Estas fueron las únicas precauciones de Felipe de Cáceres antes de dejar Asunción. Apenas se perdieron de vista las velas de los bergantines, el Domingo de Ramos de 1572, volvieron a sus conspiraciones los obispales.

Por aquel entonces había tomado cuerpo considerable en la vida asuncena un nuevo factor social y político, de gravitación decisiva por su número y homogeneidad: la población mestiza, elemento imprevisto, por cuya acción la tierra va a reconquistarse a sí misma con el correr del tiempo. Eran los mancebos de la tierra. Como hijos de hidalgos llevaban un palo, bastón o garrote, a modo de la espacia de los caballeros de Su Majestad. Nacieron y crecieron en medió de los tumultuosos acontecimientos que hemos reseñado. Ante sus ojos de niños pasaron con su prestancia guerrera, Alvar Núñez Cabeza de Vaca, Domingo de Irala, Diego de Abreu, Gonzalo de Mendoza, Nuflo de Chaves y otros capitanes, que llenaron con su fama y sus querellas los ámbitos de la Provincia. Ahora eran mozos, en la edad de los impulsos románticos y a su vez van a ser actores en las pasiones que dividieron antes y dividen ahora a sus padres, atraídos por

la voz de la sangre cuando no por los recuerdos que hirieron por primera vez su imaginación.

A 34 años de fundada la Asunción los "mancebos de la tierra" formaban ya un núcleo más numeroso que el de los conquistadores españoles. Aunque atraídos por confusas tendencias, en lo fundamental surgia con ellos una nueva conciencia colectiva, al punto , que algunos conquistadores vieron en esta transformación del cuerpo social una amenaza próxima para el predominio español. Así, Martín de Orué escribía alarmado al Rey porque ellos (los mancebos) son muchos y no bien inclinados y cada día son más y los españoles viejos y pocos. Reclamaba remedio a esta situación, que se presentaba con todas las características de una fatalidad aritmética.

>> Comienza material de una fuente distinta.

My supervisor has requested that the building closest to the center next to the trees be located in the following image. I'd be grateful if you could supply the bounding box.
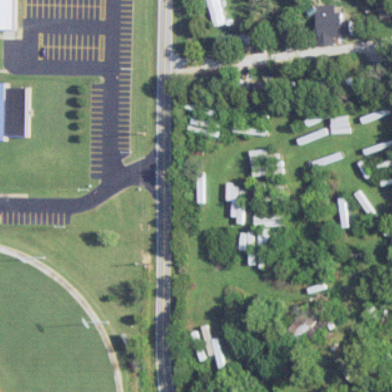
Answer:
[196,172,208,204]
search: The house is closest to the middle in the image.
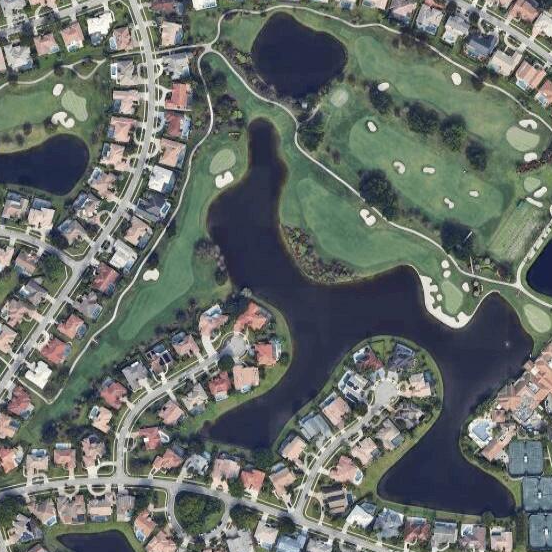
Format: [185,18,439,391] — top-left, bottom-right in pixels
[239,305,268,331]
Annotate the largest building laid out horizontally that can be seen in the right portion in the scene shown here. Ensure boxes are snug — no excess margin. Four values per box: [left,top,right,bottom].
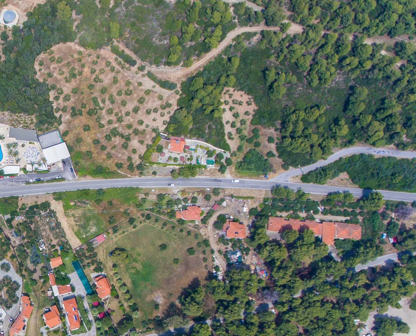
[266,217,362,245]
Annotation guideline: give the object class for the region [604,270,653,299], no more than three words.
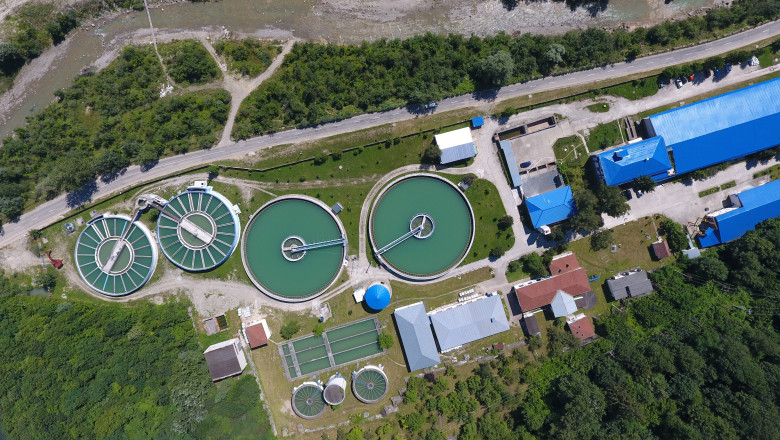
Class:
barn
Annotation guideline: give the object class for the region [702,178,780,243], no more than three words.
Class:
shed
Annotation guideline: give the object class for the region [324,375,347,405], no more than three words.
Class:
silo
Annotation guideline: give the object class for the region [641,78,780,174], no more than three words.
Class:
building
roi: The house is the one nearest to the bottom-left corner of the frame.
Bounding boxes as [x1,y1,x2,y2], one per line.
[204,340,248,380]
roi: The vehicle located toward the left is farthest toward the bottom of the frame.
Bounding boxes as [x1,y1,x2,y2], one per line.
[49,248,65,269]

La verdad es que el proceso biológico estaba completando un ciclo, a lo largo de más de un cuarto de siglo. La configuración política ha cambiado por completo en torno a Felipe de Cáceres, último representante del despotismo de aquel grupo de cuatro Oficiales Reales, que impusiera su poder desde 1544, y cuya fuerza declinante va chocando, desde la muerte de Irala, con las vanguardias siempre reforzadas de una nueva generación.

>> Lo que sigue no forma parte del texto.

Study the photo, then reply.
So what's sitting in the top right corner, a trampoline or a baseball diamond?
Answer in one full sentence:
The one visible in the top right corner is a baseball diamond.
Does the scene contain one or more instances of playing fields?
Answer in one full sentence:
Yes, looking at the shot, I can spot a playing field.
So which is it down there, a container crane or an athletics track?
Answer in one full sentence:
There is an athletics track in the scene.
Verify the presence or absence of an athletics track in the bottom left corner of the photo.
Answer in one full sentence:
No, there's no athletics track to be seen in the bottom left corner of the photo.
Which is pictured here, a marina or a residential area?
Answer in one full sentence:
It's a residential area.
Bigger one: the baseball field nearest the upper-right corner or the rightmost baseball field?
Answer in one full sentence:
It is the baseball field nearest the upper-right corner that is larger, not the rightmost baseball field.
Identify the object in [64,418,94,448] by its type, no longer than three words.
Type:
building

Un hecho que merece ser notado: la Iglesia es la primera institución que encarna en el nuevo elemento social, la población mestiza. La religión echa raíces profundas en la tierra y cumple la única conquista , verdadera de la época. Por eso, cuando Felipe de Cáceres arremete contra el jefe de la Iglesia, ésta puede resistir al dictador, porque hay suficientes "mata cebos de la tierra" que saben rezar. El Obispo dispone de un poder espiritual que no existe del lado opuesto. Ninguna institución política habíase consolidado aún y si ha de hablarse de la elección democrática de los gobernantes, accidentalmente derivada de la Cédala Real de 1537, Felipe de Cáceres no podía escudarse en ese principio para oponer una fuerza moral a otra fuerza moral.

No parece que para el Gobernador pasase inadvertido el peligro que para él representaba el dominio espiritual de la Iglesia sobre los mancebos de la tierra. A comienzo de su Gobierno Felipe de Cáceres quiso disputar al Obispo la atracción de esa masa, tan interesante como puntal político. Con propósitos proselitistas favoreció demagógicamente las inclinaciones donjuanescas de los mancebos, siguiendo las huellas de Irala. Era la forma más simple de sobrevivir, a expensas de la corriente; pero con riesgos de naufragar en ella.

Después de pulsar los resultados desalentadores de su política, Felipe de Cáceres se volvió contra los mancebos de la tierra con la brutalidad de sus ímpetus tiránicos, armado de horca, picota y rollo. Con ello unificó y ligó fuertemente al campo del Obispo el factor decisivo de la lucha y selló su caída.

Por eso los obispales arreciaron exitosamente contra el Gobernador, apenas se ausentó, una propaganda demoledora. Los conciliábulos de cuenta se realizaban en la morada del Obispo y los sacerdotes tenían sus medios de llegar hasta la masa del pueblo, cansado de arbitrariedades. Nuevos descontentos de talla, como Martín Suárez de Toledo, se suman a los obispales y el Provisor Segovia encuentra en otro clérigo, de nombre Ocampos, quien le sustituya con ventajas en ardor y entusiasmo revolucionarios.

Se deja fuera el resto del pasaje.